The right question is not “how many tools does my agent have?” but “what fraction of tools could it discover on demand versus what fraction must be in turn one?” Teams celebrating growing tool catalogs the way Java teams once celebrated lines-of-code growth are optimizing the wrong metric. Tool count is not progress; it is liability.
The Transferable Framework
Even if you are not using Claude Code, this pattern generalizes to any tool-using LLM system:
- Instrument tool-selection accuracy per session. If you are not measuring this, you are flying blind.
- Measure your tools-section token count and find your provider’s threshold for attention degradation.
- Classify tools by frequency-of-use across real production sessions, not anticipated use.
- Provide an explicit discovery primitive (search or list-by-tag) so deferred tools remain findable without being resident.
- Write classification rules into a config file that gets reviewed at every change, preventing gradual core bloat.
The Prediction
Within twelve months, every mature MCP server framework—FastMCP, the official MCP SDK, and third-party hosters—will ship a “core/deferred” classification primitive in their tool registration API. Anthropic and OpenAI will document their explicit cliff thresholds instead of hiding them behind opaque behavior changes.

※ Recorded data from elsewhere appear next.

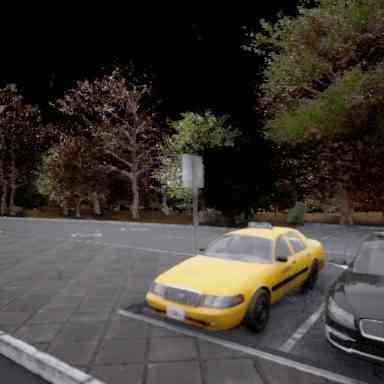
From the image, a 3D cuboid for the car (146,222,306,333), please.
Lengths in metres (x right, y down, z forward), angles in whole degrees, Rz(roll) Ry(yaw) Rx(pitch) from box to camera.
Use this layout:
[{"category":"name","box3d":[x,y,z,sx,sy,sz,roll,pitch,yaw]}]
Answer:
[{"category":"car","box3d":[1.324,1.459,7.114,1.946,1.575,5.366,0,0,36]}]

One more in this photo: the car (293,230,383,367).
[{"category":"car","box3d":[3.681,1.462,5.650,2.231,1.521,4.892,0,0,36]}]
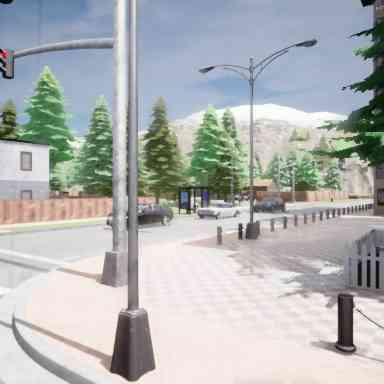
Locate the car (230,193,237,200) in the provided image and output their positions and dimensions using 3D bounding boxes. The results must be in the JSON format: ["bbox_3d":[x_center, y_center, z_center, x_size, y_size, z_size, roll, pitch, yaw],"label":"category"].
[{"bbox_3d":[10.741,1.146,79.113,1.905,1.878,3.866,0,0,36],"label":"car"}]

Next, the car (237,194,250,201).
[{"bbox_3d":[13.005,1.144,77.953,1.932,1.855,4.605,0,0,36],"label":"car"}]

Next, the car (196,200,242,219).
[{"bbox_3d":[2.412,1.586,28.616,1.895,1.301,4.718,0,0,37],"label":"car"}]

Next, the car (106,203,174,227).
[{"bbox_3d":[-3.209,1.476,21.227,2.128,1.511,4.902,0,0,37],"label":"car"}]

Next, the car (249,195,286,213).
[{"bbox_3d":[8.606,1.337,36.723,2.097,1.767,4.553,0,0,38],"label":"car"}]
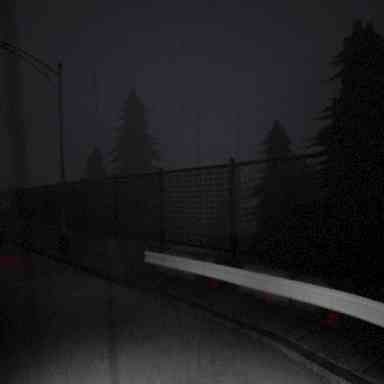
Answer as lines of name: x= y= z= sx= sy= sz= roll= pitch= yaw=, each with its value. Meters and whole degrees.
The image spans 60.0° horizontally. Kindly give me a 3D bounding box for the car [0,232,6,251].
car: x=-9.780 y=1.961 z=14.610 sx=1.895 sy=1.301 sz=4.718 roll=-1 pitch=0 yaw=-42
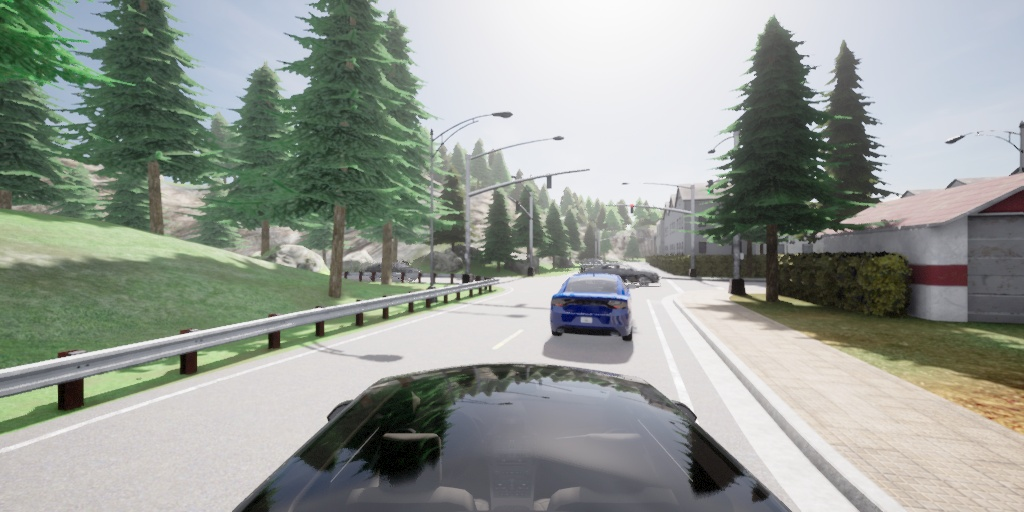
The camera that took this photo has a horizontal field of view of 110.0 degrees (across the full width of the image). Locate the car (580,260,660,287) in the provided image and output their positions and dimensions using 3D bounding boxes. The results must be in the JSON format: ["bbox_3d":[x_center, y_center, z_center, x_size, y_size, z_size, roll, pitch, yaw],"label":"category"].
[{"bbox_3d":[7.425,1.243,24.441,4.902,1.511,2.128,0,0,18],"label":"car"}]

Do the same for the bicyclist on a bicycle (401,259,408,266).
[{"bbox_3d":[-11.447,1.155,38.035,0.582,1.620,1.656,-2,5,18],"label":"bicyclist on a bicycle"}]

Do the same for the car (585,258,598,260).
[{"bbox_3d":[9.438,1.086,42.821,2.097,1.767,4.553,0,0,19],"label":"car"}]

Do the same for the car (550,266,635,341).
[{"bbox_3d":[2.371,1.224,10.062,1.882,1.535,5.008,0,0,18],"label":"car"}]

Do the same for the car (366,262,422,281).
[{"bbox_3d":[-9.887,1.248,30.100,4.902,1.511,2.128,0,0,18],"label":"car"}]

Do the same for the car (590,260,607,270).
[{"bbox_3d":[12.772,1.278,52.735,2.033,1.411,5.357,0,0,19],"label":"car"}]
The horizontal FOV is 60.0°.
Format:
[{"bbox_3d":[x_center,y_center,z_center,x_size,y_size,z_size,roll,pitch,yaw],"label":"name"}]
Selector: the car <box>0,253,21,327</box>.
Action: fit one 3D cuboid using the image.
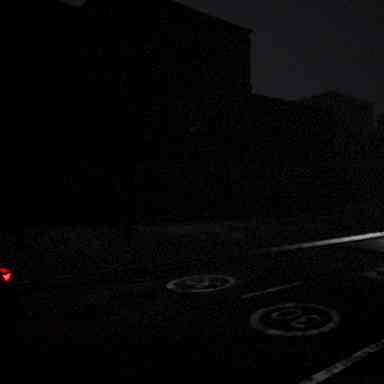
[{"bbox_3d":[-5.016,1.346,4.650,4.553,1.767,2.097,0,0,-36],"label":"car"}]
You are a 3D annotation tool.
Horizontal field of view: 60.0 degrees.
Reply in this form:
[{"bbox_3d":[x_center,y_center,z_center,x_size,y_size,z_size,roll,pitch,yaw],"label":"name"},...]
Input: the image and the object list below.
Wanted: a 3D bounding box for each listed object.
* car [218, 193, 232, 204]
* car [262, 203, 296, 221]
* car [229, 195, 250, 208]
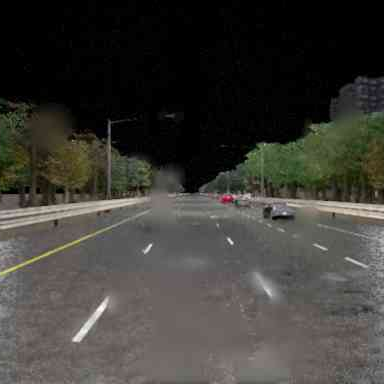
[{"bbox_3d":[7.176,1.298,67.937,2.150,2.045,5.566,0,0,0],"label":"car"},{"bbox_3d":[7.021,1.590,27.164,1.994,1.385,4.181,0,0,0],"label":"car"},{"bbox_3d":[7.085,1.540,47.910,2.128,1.511,4.902,0,0,0],"label":"car"}]
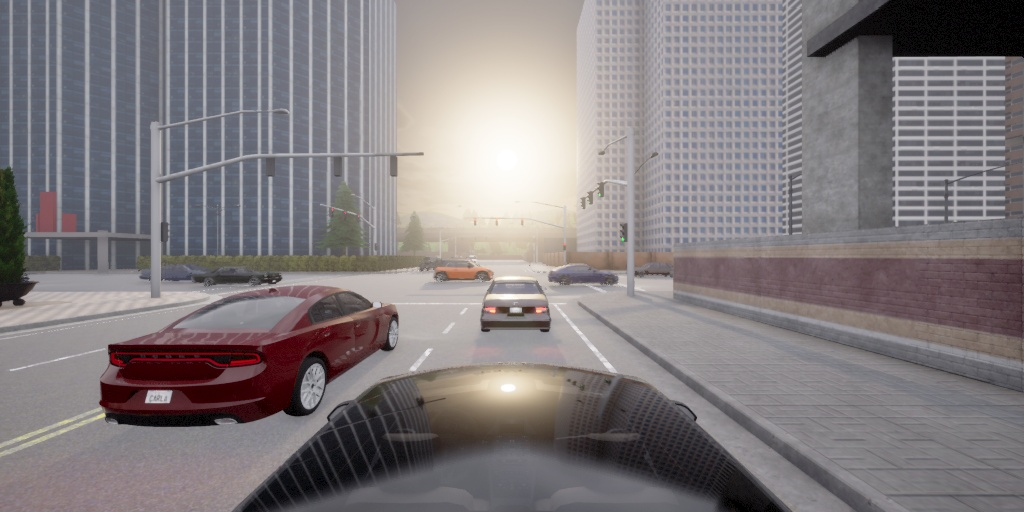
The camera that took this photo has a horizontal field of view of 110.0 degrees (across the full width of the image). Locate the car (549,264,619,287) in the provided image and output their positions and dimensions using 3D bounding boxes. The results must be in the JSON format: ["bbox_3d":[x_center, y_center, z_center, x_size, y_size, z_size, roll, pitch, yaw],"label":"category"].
[{"bbox_3d":[4.748,1.276,24.074,4.674,1.442,1.812,0,0,-1],"label":"car"}]

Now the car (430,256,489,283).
[{"bbox_3d":[-3.618,1.102,27.457,4.553,1.767,2.097,0,0,-1],"label":"car"}]

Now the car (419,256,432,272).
[{"bbox_3d":[-10.568,0.972,47.397,2.150,2.045,5.566,0,0,0],"label":"car"}]

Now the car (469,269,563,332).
[{"bbox_3d":[0.090,1.297,10.801,2.033,1.411,5.357,0,0,0],"label":"car"}]

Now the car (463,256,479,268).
[{"bbox_3d":[-7.028,0.972,61.844,2.150,2.045,5.566,0,0,0],"label":"car"}]

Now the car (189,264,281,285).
[{"bbox_3d":[-17.986,1.351,23.754,4.718,1.301,1.895,0,0,-1],"label":"car"}]

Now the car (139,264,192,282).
[{"bbox_3d":[-24.870,1.297,27.188,5.357,1.411,2.033,0,0,0],"label":"car"}]

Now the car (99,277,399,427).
[{"bbox_3d":[-3.440,1.228,5.988,1.882,1.535,5.008,0,0,0],"label":"car"}]

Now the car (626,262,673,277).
[{"bbox_3d":[13.914,1.297,34.780,5.357,1.411,2.033,0,0,0],"label":"car"}]

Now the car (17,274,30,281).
[{"bbox_3d":[-35.504,1.297,23.627,5.357,1.411,2.033,0,0,0],"label":"car"}]
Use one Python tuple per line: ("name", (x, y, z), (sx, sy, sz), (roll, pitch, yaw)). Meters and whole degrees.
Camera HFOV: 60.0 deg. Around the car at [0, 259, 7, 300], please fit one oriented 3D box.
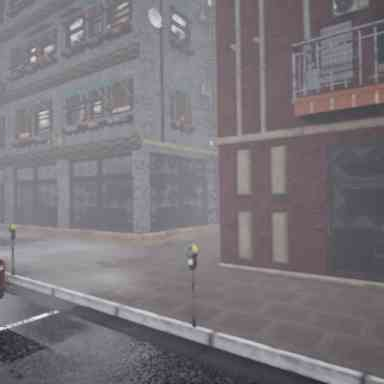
("car", (-5.591, 1.546, 6.879), (4.507, 1.381, 1.887), (0, -1, 36))
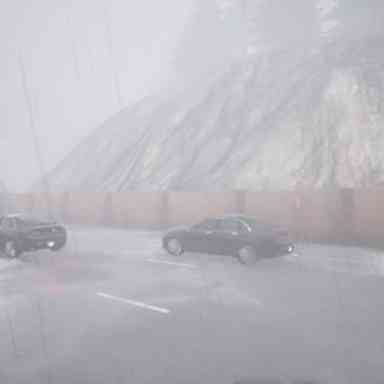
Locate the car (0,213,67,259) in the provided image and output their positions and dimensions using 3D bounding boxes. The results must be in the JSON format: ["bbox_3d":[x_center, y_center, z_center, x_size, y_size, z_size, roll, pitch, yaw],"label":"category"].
[{"bbox_3d":[-7.002,1.622,13.281,4.892,1.490,1.837,-1,0,35],"label":"car"}]

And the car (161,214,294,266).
[{"bbox_3d":[1.096,1.557,11.807,4.892,1.490,1.837,-1,0,35],"label":"car"}]
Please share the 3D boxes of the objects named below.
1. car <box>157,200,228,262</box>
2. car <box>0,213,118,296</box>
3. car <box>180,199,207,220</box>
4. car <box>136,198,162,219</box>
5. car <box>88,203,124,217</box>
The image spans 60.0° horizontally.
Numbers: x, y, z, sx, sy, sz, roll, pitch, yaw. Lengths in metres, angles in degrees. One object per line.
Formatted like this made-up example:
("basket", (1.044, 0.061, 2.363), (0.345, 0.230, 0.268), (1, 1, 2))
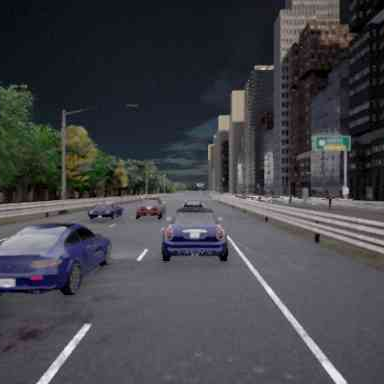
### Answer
("car", (0.093, 1.327, 12.204), (2.097, 1.767, 4.553), (0, 0, 0))
("car", (-3.417, 1.507, 8.476), (1.812, 1.442, 4.674), (0, 0, 0))
("car", (0.102, 1.441, 28.676), (2.128, 1.511, 4.902), (0, 0, 0))
("car", (-3.399, 1.302, 28.435), (2.097, 1.767, 4.553), (0, 0, 0))
("car", (-6.899, 1.552, 27.180), (1.895, 1.301, 4.718), (0, 0, 0))
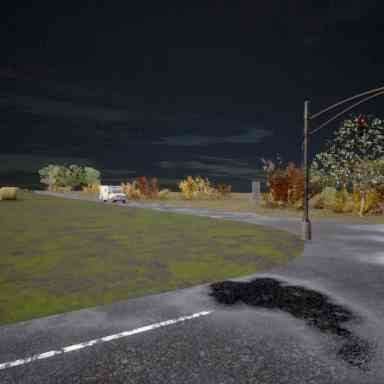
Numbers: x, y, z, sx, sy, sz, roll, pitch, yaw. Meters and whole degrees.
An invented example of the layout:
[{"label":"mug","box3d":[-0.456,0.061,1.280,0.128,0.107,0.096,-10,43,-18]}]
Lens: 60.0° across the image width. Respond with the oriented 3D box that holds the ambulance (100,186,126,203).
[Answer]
[{"label":"ambulance","box3d":[-11.912,0.341,50.044,2.351,2.431,6.366,2,0,-32]}]
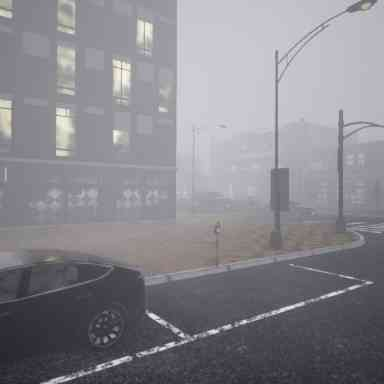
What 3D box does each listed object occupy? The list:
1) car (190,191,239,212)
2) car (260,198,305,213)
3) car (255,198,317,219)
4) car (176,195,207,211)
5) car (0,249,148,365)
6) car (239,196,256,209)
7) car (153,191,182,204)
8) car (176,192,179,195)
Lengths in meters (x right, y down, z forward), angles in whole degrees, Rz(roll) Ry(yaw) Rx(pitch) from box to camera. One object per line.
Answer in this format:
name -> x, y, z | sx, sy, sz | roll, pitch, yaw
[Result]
car -> 1.843, 0.894, 34.512 | 2.150, 2.045, 5.566 | 0, 1, -36
car -> 9.252, 1.340, 34.222 | 1.802, 1.307, 4.206 | 1, 0, -36
car -> 7.653, 1.319, 26.616 | 1.812, 1.442, 4.674 | 0, 0, -36
car -> -0.785, 1.231, 33.721 | 1.802, 1.307, 4.206 | 1, 0, -36
car -> -2.707, 1.566, 4.623 | 4.313, 1.339, 1.947 | 0, 0, -36
car -> 5.966, 1.130, 38.690 | 1.967, 1.590, 4.097 | 1, 0, -36
car -> -3.893, 0.793, 52.088 | 2.192, 1.841, 5.009 | 1, 0, -36
car -> -0.611, 1.101, 47.622 | 2.008, 1.369, 4.403 | 1, 0, -36

Teams currently running 50+ tool MCP servers without this discipline are quietly losing 15–30% of their tool-selection accuracy and lack the instrumentation to notice. The fix is architectural, not algorithmic. Hide your tools. Make them discoverable. Treat context window as the scarce resource it is.
Your agent will thank you by making better decisions, faster.
FAQ
Does this pattern work outside Claude Code?
Yes. Any LLM system with tool schemas in context suffers identical degradation past context limits. The specific token threshold varies by model, but the architectural pattern—resident core versus discoverable deferred—applies universally to high-tool-count systems.
How do I know if I have hit the context cliff?
Instrument tool-selection accuracy per session. If you observe agents cycling between similar tools, selecting generic over specific tools, or requiring multiple correction turns, you have exceeded your model’s in-context tool capacity.
Isn’t the search latency expensive?
A cache miss costs one turn of discovery, but carrying 74 unused tools costs attention on every single turn. We observed net latency reduction because agents complete tasks in fewer total turns without thrashing between irrelevant options.
Should I implement this for 20 tools?
Probably not. The cliff typically appears between 50–100 tools depending on schema complexity. Below 30 tools, the overhead of discovery infrastructure outweighs context savings. Above 50, the discipline becomes essential.
How do agents know what to search for?
Core tools include semantic discovery primitives. When an agent needs workflow functionality, it searches for “workflow” and receives relevant deferred tools. This mirrors human behavior—consulting documentation when specialized tools are needed.